---------- Dataset ----------
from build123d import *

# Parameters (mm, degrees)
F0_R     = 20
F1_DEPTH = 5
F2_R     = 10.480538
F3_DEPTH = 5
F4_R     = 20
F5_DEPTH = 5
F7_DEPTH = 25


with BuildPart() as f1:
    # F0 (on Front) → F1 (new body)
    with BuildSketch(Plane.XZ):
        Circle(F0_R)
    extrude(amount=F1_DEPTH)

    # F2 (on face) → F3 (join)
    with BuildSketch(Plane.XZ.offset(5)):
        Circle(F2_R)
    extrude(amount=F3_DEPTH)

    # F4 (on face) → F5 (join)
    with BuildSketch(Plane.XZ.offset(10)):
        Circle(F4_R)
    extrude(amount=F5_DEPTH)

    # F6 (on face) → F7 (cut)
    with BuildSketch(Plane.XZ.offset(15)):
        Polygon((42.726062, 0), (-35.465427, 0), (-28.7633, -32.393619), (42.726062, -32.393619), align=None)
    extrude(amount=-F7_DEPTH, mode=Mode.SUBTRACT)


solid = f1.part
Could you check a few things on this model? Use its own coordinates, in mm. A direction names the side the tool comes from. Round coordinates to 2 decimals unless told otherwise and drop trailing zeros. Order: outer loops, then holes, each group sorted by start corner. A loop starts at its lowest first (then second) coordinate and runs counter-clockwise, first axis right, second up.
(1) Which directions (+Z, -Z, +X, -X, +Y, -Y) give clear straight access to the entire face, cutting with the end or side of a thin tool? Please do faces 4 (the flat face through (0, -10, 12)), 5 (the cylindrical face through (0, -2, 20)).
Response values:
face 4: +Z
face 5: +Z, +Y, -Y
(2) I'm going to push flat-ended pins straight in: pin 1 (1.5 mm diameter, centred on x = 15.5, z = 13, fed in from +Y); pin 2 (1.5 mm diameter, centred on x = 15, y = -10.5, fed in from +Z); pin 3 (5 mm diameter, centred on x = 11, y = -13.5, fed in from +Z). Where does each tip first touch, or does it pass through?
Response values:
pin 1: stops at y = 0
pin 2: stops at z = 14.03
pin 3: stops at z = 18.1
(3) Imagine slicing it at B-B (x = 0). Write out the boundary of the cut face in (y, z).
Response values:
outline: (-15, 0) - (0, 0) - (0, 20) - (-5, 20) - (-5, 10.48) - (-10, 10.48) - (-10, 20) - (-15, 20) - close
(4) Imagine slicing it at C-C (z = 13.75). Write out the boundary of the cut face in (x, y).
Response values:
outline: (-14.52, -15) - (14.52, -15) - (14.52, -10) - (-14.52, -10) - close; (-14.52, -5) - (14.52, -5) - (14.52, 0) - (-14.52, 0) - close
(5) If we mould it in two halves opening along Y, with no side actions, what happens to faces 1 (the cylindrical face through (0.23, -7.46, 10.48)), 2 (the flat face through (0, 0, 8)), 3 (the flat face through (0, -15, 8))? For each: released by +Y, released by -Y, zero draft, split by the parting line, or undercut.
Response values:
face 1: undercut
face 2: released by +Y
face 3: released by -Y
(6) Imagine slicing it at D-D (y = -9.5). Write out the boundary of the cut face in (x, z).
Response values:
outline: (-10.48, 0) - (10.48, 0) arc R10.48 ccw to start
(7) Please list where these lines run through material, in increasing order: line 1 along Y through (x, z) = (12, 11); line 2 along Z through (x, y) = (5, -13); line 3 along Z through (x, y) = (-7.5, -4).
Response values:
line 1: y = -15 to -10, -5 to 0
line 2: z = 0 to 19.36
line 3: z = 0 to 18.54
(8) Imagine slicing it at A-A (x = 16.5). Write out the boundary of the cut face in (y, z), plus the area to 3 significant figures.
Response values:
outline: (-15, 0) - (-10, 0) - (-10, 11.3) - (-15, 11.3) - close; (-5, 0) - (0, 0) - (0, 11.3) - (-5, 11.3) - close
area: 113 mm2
----------
» About this exercise:
Return every line of the listing above that contains "released".

» Solution to this exercise:
(5) If we mould it in two halves opening along Y, with no side actions, what happens to faces 1 (the cylindrical face through (0.23, -7.46, 10.48)), 2 (the flat face through (0, 0, 8)), 3 (the flat face through (0, -15, 8))? For each: released by +Y, released by -Y, zero draft, split by the parting line, or undercut.
face 2: released by +Y
face 3: released by -Y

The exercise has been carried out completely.